The FV432 is a good, detailed, kit that provides plenty of options but the missing height may put some off.  I imagine that it will easily be the most detailed 1:100 FV432 kit on the market but that does lose some lustre when a major dimension is off, even by a relatively small degree.

If you can get past that, then the kit has a lot going for it.

10 thoughts on “Battlefront 1:100 FV432 Review

  1. Another great IM article, thanks Lee. I’ve built my first 5 and like you, was worried about the way the tracks seem to be at angles at first, but I like how they look. What review is up next? When it’s payday, I’ll be ordering some infantry, Harriers and maybe some Abbots. Would be interested in your take on them, particularly as I’m new to BF stuff and they would be my first resin and metal kits from them.

    1. Cheers!

      Infantry next seeming as I have them sitting on the shelf. I think Tracked Rapier is due soon too.

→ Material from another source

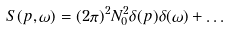Convert formula to latex. <formula><loc_0><loc_0><loc_500><loc_500>S ( p , \omega ) = ( 2 \pi ) ^ { 2 } N _ { 0 } ^ { 2 } \delta ( p ) \delta ( \omega ) + \dots</formula>

      Annoyingly someone seems to have dropped the ball on MILAN stocking as the distributor has ran out with Brighton not getting any! It’s only the most important bit of a British infantry force!

  2. I have built and painted five 432. They paint up well. The markings are frustrating with a lack of rear number plates even though the number plate is sculpted onto the rear door (the vertical rectangle in the middle of the door)!
    The infantry models are nice. I have a platoon painted including a Milan section. I look forward to your review.
    Overall yours is a great review. Thanks.

    1. Cheers! Lack of bridge markings and rear plates was very odd on the decals. Especially when the West German ones were so good.

  3. Great review as always, thanks!

    Re the height issue, whilst Smee certainly raised the issue first, it took several of us to get to the nub of the problem, since most sources, including all on the web, give the height to the top of the MG rather than true hull height. It was good old Terry Gander’s 1985 British Army encyclopaedia which gave the true hull height, so from there we worked out the model was 1.5mil too short…Close enought for government work!

    1. Indeed! I have rewordered that bit to spread the credit.

      I think how much of an issue it is will vary by person to person. I tend towards “close enough – it otherwise looks very good” but some – especially if they spend time in the back of one – do appear to struggle to get past it.

      Thanks for the feedback as always!

  4. I assumed that the “bullhorn structure” was a wire guide for when the wire guided missile swung.